From: Jens Axboe <axboe@kernel.dk>
To: Thomas Gleixner <tglx@linutronix.de>, linux-kernel@vger.kernel.org
Cc: peterz@infradead.org, mingo@kernel.org
Subject: Re: [PATCH 1/2] sched/core: switch struct rq->nr_iowait to a normal int
Date: Thu, 29 Feb 2024 15:30:05 -0700	[thread overview]
Message-ID: <f1fc564c-528a-47d0-8b68-d596d6681eb5@kernel.dk> (raw)
In-Reply-To: <87sf1b6o9w.ffs@tglx>

On 2/29/24 12:52 PM, Thomas Gleixner wrote:
> On Thu, Feb 29 2024 at 10:49, Jens Axboe wrote:
>> On 2/29/24 10:42 AM, Thomas Gleixner wrote:
>>> So but I just noticed that there is actually an issue with this:
>>>
>>>>  unsigned int nr_iowait_cpu(int cpu)
>>>>  {
>>>> -	return atomic_read(&cpu_rq(cpu)->nr_iowait);
>>>> +	struct rq *rq = cpu_rq(cpu);
>>>> +
>>>> +	return rq->nr_iowait - atomic_read(&rq->nr_iowait_remote);
>>>
>>> The access to rq->nr_iowait is not protected by the runqueue lock and
>>> therefore a data race when @cpu is not the current CPU.
>>>
>>> This needs to be properly annotated and explained why it does not
>>> matter.
>>
>> But that was always racy before as well, if someone else is inc/dec'ing
>> ->nr_iowait while it's being read, you could get either the before or
>> after value.
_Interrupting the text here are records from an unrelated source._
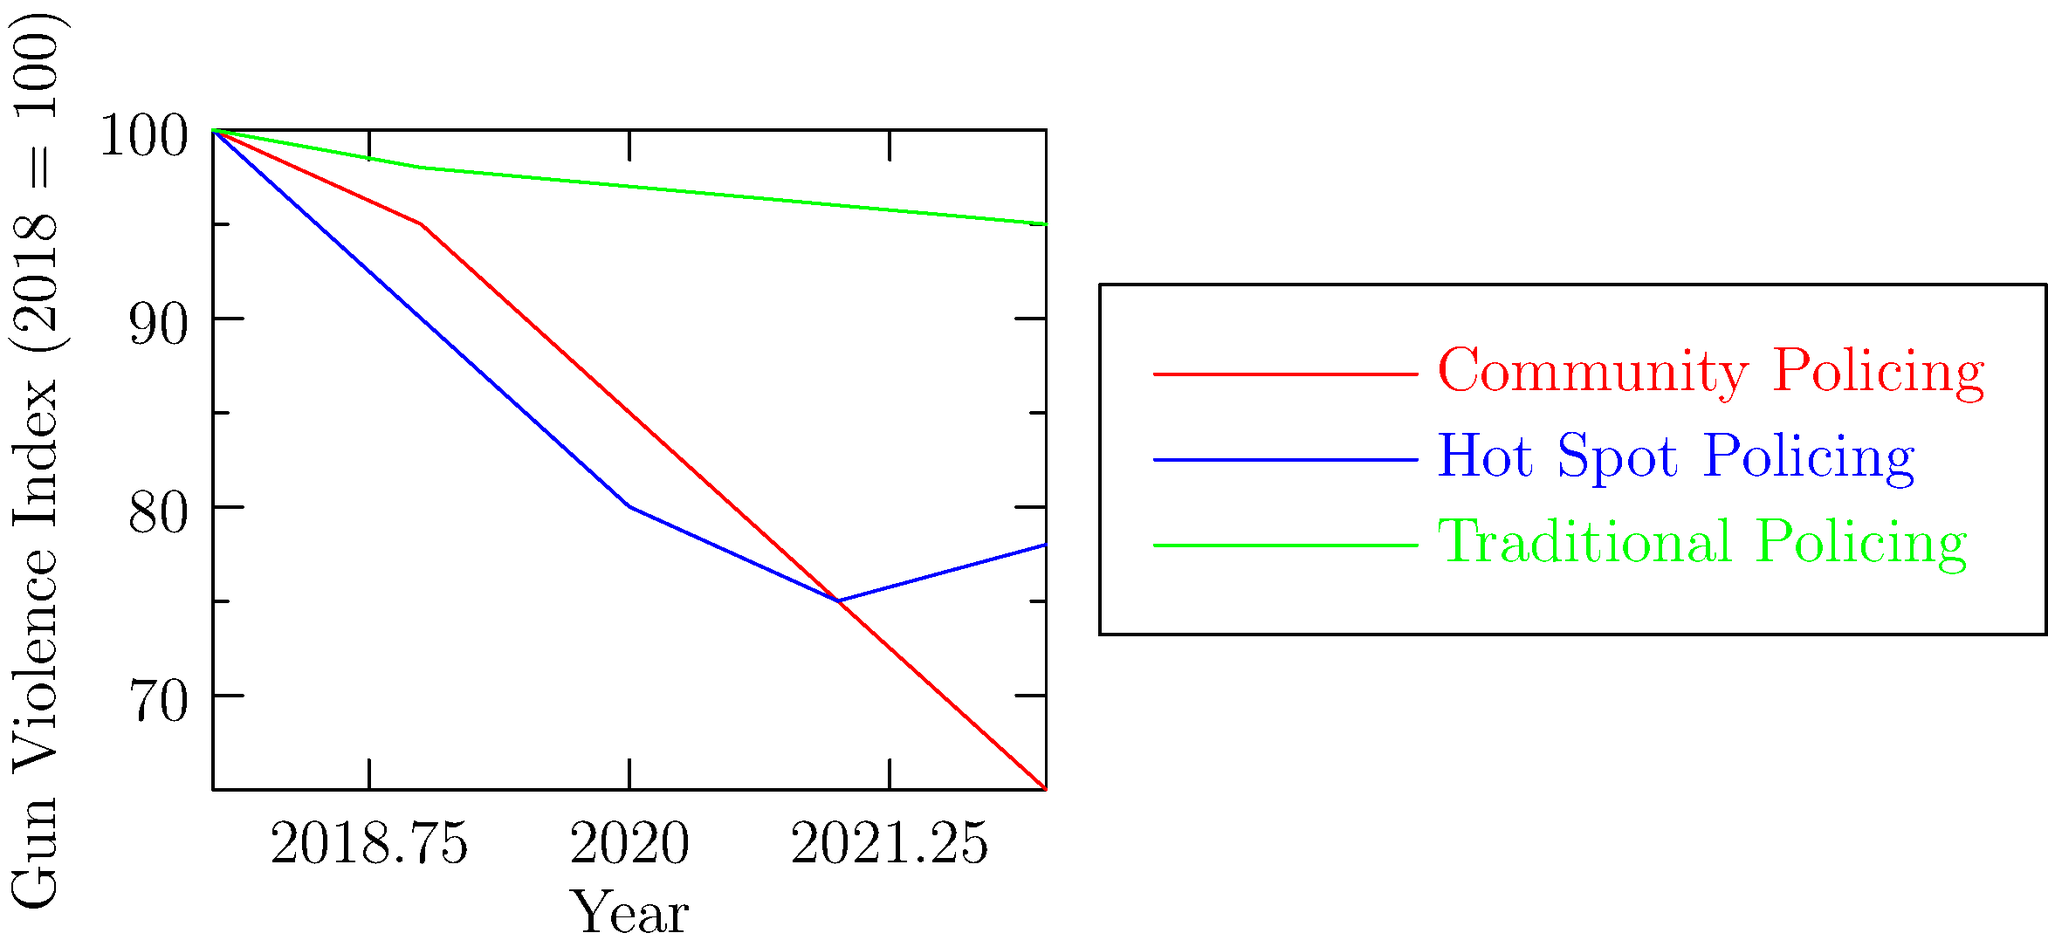Based on the line graph showing the Gun Violence Index for different policing strategies from 2018 to 2022, which strategy appears to be the most effective in reducing gun violence over the five-year period? To determine the most effective strategy in reducing gun violence, we need to analyze the trends for each policing approach:

1. Traditional Policing (green line):
   - Starts at 100 in 2018
   - Shows minimal decrease, ending at about 95 in 2022
   - Reduction: Approximately 5%

2. Hot Spot Policing (blue line):
   - Starts at 100 in 2018
   - Decreases to about 75 by 2021, but slightly increases to 78 in 2022
   - Reduction: Approximately 22%

3. Community Policing (red line):
   - Starts at 100 in 2018
   - Shows consistent decrease, ending at about 65 in 2022
   - Reduction: Approximately 35%

Comparing the three strategies:
- Traditional Policing shows the least reduction in gun violence.
- Hot Spot Policing shows significant improvement but has a slight increase in the last year.
- Community Policing demonstrates the most consistent and substantial decrease over the five-year period.

Therefore, based on this data, Community Policing appears to be the most effective strategy in reducing gun violence from 2018 to 2022.
Answer: Community Policing

This doesn't really change that. I could've sworn I
>> mentioned that in the commit message, but I did not.
> 
> There are actually two issues here:
> 
> 1) atomic_read() vs. atomic_inc/dec() guarantees that the read value
>    is consistent in itself.
> 
>    Non-atomic inc/dec is not guaranteeing that the concurrent read is a
>    consistent value as the compiler is free to do store/load
>    tearing. Unlikely but not guaranteed to never happen.
> 
>    KCSAN will complain about it sooner than later and then someone has
>    to go and do the analysis and the annotation. I rather let you do
>    the reasoning now than chasing you down later :)

Fair enough.

> 2) What's worse is that the result can be completely bogus:
> 
>    i.e.
> 
>    CPU0                                 CPU1                    CPU2
>    a = rq(CPU1)->nr_iowait; // 0
>                                         rq->nr_iowait++;
>                                                                 rq(CPU1)->nr_iowait_remote++;
>    b = rq(CPU1)->nr_iowait_remote; // 1
> 
>    r = a - b; // -1
>    return (unsigned int) r; // UINT_MAX
> 
>    The consumers of this interface might be upset. :)
> 
>    While with a single atomic_t it's guaranteed that the result is
>    always greater or equal zero.

Yeah OK, this is a real problem...

>>> So s/Reviewed-by/Un-Reviewed-by/
>>>
>>> Though thinking about it some more. Is this split a real benefit over
>>> always using the atomic? Do you have numbers to show?
>>
>> It was more on Peter's complaint that now we're trading a single atomic
>> for two, hence I got to thinking about nr_iowait in general. I don't
>> have numbers showing it matters, as mentioned in another email the most
>> costly part about this seems to be fetching task->in_iowait and not the
>> actual atomic.
> 
> On the write side (except for the remote case) the cache line is already
> dirty on the current CPU and I doubt that the atomic will be
> noticable. If there is concurrent remote access to the runqueue then the
> cache line is bouncing no matter what.

That was my exact thinking too, same cacheline and back-to-back atomics
don't really matter vs a single atomic on it.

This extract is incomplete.